Nonasymptotic and distribution-uniform Komlós-Major-Tusnády approximation
Ian Waudby-Smith, Martin Larsson, Aaditya Ramdas
TL;DR
The paper develops distribution-uniform strong Gaussian approximations for sums of i.i.d. mean-zero variables, extending classical KMT results to entire families of distributions. It introduces Sakhanenko regularity and uniform moment conditions as necessary and sufficient criteria for uniform KMT approximations, providing explicit, nonasymptotic concentration inequalities that underpin the uniform couplings.

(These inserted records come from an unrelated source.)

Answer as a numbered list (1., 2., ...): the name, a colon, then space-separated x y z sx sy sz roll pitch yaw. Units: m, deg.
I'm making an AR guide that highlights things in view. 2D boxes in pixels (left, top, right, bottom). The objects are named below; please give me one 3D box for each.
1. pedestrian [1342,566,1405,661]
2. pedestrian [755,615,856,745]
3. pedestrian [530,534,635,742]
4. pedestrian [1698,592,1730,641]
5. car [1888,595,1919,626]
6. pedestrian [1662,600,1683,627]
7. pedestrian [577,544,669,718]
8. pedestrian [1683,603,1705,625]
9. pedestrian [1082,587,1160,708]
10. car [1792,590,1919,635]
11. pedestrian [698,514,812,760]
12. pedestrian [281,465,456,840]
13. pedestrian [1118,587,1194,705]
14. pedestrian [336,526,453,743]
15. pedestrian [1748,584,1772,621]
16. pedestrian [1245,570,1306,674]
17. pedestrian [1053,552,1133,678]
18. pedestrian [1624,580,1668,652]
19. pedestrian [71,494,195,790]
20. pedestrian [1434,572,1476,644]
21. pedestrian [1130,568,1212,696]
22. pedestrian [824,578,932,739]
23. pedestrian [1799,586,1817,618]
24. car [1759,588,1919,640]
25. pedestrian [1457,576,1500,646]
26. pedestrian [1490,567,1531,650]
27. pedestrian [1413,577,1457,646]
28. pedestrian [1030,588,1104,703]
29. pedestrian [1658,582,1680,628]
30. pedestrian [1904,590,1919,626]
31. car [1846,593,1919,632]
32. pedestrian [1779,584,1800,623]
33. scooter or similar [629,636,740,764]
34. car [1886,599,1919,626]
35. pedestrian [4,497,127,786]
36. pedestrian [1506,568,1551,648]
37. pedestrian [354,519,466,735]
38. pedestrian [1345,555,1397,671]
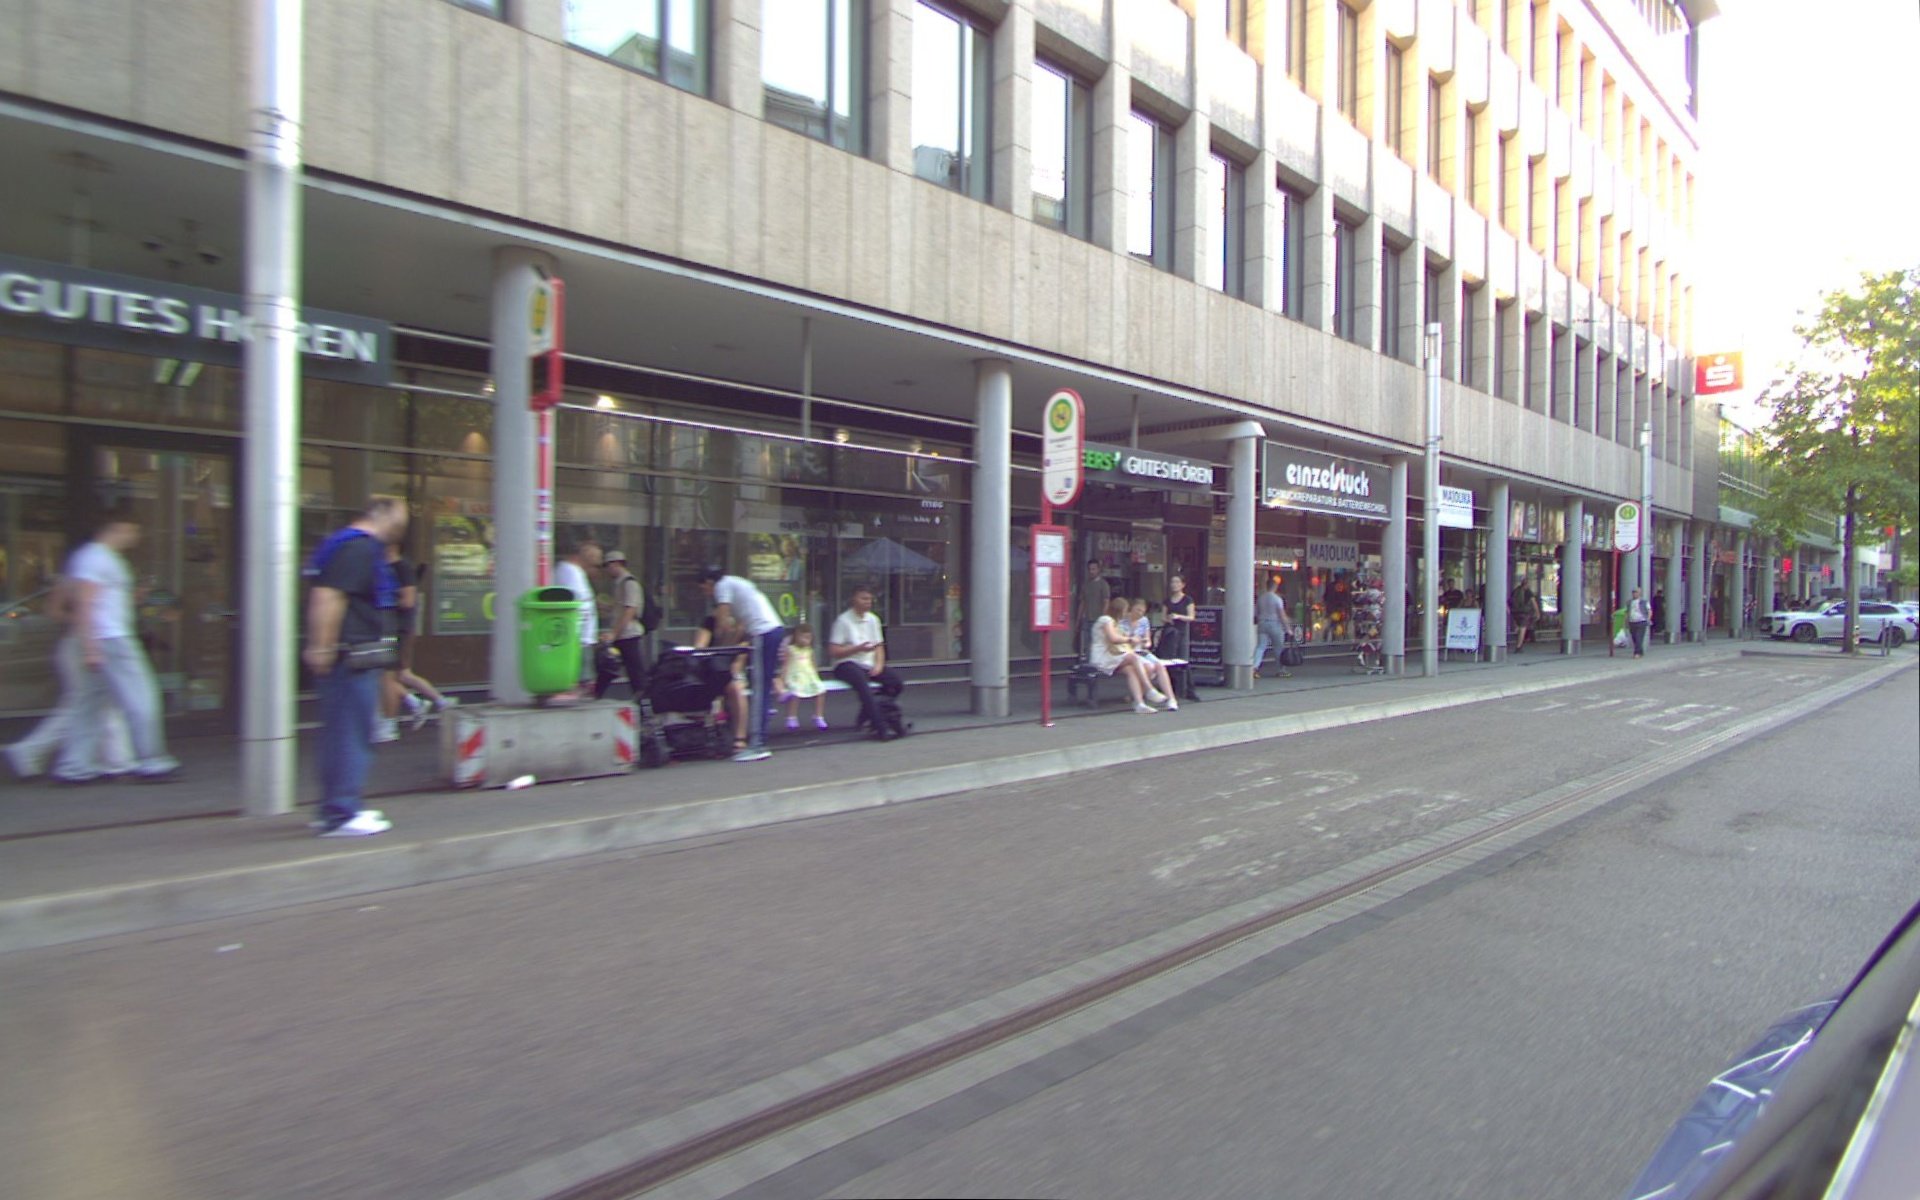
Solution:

The work treats two regimes: finite exponential moments (uniformly controlled) and finite power moments with uniform $q$-th integrability, establishing rates $O(\log n)$ and $o(n^{1/q})$ respectively. By instantiating the uniform results on a single probability space, it recovers the classical KMT-type conclusions while enabling distribution-robust applications and explicit constant control.
Abstract
We present nonasymptotic concentration inequalities for sums of independent and identically distributed random variables that yield asymptotic strong Gaussian approximations of Komlós, Major, and Tusnády (KMT) [1975,1976]. The constants appearing in our inequalities are either universal or explicit, and thus as corollaries, they imply distribution-uniform generalizations of the aforementioned KMT approximations. In particular, it is shown that uniform integrability of a random variable's $q^{\text{th}}$ moment is both necessary and sufficient for the KMT approximations to hold uniformly at the rate of $o(n^{1/q})$ for $q > 2$ and that having a uniformly lower bounded Sakhanenko parameter -- equivalently, a uniformly upper-bounded Bernstein parameter -- is both necessary and sufficient for the KMT approximations to hold uniformly at the rate of $O(\log n)$. Instantiating these uniform results for a single probability space yields the analogous results of KMT exactly.